** Supplied records **
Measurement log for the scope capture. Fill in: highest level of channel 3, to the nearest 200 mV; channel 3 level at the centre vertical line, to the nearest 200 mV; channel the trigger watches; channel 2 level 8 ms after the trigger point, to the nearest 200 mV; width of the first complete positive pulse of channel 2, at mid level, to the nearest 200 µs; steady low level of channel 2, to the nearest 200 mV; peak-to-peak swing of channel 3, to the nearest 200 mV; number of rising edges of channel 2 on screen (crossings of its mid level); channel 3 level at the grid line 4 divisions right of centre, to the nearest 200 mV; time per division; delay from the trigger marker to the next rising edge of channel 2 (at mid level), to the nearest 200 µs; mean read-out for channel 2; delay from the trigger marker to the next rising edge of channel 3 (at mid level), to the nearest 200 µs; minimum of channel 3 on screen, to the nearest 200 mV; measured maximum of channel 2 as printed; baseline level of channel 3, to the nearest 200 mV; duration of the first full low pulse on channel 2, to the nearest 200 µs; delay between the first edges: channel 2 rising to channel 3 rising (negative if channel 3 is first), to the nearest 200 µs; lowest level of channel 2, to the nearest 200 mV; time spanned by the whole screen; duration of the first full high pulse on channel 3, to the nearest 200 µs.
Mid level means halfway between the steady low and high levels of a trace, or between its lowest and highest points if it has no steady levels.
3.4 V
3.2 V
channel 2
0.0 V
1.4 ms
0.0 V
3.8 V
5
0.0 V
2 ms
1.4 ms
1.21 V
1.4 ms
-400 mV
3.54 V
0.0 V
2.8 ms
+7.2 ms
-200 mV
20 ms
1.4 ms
--
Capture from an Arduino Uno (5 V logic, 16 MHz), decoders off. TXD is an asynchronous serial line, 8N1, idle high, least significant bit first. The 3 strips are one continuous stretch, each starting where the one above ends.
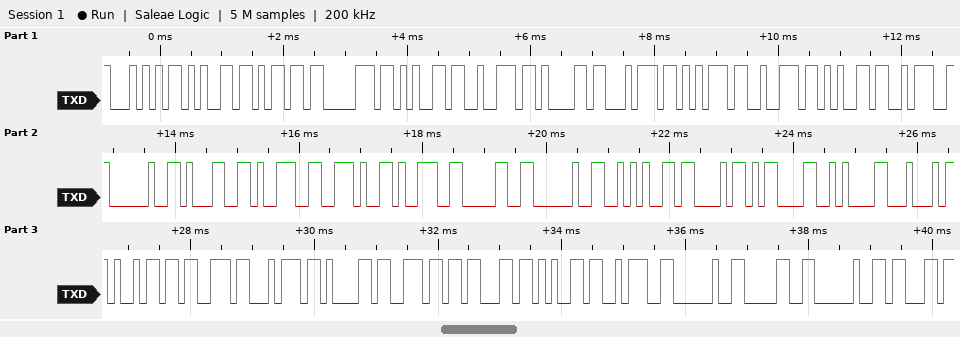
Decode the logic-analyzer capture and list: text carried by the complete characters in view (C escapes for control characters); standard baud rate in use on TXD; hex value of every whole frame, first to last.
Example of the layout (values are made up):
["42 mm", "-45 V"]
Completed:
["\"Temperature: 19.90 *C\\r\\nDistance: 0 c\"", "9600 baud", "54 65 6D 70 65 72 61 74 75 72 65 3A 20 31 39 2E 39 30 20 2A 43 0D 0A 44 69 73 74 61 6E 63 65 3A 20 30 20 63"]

** Activity **
Scan the data above and copy each line containing the word "logic".

** Written answer **
Capture from an Arduino Uno (5 V logic, 16 MHz), decoders off. TXD is an asynchronous serial line, 8N1, idle high, least significant bit first. The 3 strips are one continuous stretch, each starting where the one above ends.
Decode the logic-analyzer capture and list: text carried by the complete characters in view (C escapes for control characters); standard baud rate in use on TXD; hex value of every whole frame, first to last.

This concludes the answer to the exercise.